▸ **Records excerpted from a collection**
━━━━━━━━━━

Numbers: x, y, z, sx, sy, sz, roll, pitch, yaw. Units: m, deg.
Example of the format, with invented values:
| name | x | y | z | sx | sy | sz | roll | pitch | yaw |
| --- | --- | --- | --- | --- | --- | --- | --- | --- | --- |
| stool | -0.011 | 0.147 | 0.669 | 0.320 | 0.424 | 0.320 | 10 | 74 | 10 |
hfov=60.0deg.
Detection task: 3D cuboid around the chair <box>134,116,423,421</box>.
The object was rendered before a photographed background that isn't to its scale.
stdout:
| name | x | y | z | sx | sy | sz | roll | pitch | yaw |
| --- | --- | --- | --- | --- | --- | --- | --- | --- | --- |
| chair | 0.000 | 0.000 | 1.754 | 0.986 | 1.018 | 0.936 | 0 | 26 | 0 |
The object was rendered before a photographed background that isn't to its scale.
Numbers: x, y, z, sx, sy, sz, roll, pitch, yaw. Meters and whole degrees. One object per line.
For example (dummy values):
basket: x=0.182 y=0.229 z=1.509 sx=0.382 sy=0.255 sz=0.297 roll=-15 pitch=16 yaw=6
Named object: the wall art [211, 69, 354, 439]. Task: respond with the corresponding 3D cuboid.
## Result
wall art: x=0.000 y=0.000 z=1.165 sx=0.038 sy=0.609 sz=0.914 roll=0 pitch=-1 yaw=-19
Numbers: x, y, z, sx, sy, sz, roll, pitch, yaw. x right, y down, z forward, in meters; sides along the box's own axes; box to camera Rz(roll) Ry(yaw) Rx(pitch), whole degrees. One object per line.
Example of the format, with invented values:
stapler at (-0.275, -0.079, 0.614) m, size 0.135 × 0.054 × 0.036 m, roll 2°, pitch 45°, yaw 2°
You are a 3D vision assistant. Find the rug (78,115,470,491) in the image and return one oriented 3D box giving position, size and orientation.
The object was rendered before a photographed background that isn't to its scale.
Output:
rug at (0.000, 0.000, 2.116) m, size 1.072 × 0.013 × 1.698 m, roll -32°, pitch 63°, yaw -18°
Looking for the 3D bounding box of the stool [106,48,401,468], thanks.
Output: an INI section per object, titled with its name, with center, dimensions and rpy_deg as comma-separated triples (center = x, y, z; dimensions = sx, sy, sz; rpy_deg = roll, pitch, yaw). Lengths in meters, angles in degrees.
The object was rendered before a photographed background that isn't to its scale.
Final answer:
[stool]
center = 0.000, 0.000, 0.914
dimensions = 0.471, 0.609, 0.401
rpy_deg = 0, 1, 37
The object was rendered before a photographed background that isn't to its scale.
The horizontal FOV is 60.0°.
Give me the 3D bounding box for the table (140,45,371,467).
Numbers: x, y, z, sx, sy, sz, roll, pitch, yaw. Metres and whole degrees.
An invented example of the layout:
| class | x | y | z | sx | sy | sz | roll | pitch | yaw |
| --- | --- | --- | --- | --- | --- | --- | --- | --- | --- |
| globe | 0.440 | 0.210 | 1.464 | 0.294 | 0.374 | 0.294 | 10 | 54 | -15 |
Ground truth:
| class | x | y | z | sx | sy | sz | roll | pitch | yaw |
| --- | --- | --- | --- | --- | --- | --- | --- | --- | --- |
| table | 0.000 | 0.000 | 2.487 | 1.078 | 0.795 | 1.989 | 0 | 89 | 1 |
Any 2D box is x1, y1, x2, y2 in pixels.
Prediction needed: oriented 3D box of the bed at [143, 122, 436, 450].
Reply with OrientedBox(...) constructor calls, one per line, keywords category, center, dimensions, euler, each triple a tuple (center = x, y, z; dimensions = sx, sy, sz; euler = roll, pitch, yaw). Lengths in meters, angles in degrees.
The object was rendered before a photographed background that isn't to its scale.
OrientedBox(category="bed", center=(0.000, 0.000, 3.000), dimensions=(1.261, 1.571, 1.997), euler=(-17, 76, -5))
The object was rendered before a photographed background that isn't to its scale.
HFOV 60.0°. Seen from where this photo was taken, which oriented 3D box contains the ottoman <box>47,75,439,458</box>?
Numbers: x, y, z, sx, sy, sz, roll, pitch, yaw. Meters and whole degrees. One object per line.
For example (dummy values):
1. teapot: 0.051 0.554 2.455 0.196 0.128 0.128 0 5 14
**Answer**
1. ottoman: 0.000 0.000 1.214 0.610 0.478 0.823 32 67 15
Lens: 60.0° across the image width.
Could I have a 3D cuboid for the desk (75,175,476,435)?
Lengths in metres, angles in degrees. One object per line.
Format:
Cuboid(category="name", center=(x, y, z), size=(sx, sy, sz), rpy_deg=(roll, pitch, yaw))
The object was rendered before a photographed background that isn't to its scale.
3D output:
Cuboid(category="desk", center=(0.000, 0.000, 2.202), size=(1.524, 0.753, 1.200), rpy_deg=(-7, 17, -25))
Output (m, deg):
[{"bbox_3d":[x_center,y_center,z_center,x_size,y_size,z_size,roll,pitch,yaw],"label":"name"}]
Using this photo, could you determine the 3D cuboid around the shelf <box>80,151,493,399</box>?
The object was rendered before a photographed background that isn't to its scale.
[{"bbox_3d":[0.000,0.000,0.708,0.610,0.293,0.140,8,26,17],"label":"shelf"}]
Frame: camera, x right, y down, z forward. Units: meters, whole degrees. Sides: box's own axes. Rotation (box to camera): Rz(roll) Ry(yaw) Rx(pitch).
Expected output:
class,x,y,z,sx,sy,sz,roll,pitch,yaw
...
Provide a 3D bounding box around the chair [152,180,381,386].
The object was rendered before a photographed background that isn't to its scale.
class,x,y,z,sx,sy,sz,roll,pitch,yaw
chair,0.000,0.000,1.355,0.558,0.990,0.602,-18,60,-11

━━━━━━━━━━

▸ **Exercise**
Of the lines above, extract only those from the line with "Any 2D box is x1, y1, x2, y2 in pixels." to the line with "Reply with OrientedBox(...)", both included, exactly as written.

▸ **Solved exercise**
Any 2D box is x1, y1, x2, y2 in pixels.
Prediction needed: oriented 3D box of the bed at [143, 122, 436, 450].
Reply with OrientedBox(...) constructor calls, one per line, keywords category, center, dimensions, euler, each triple a tuple (center = x, y, z; dimensions = sx, sy, sz; euler = roll, pitch, yaw). Lengths in meters, angles in degrees.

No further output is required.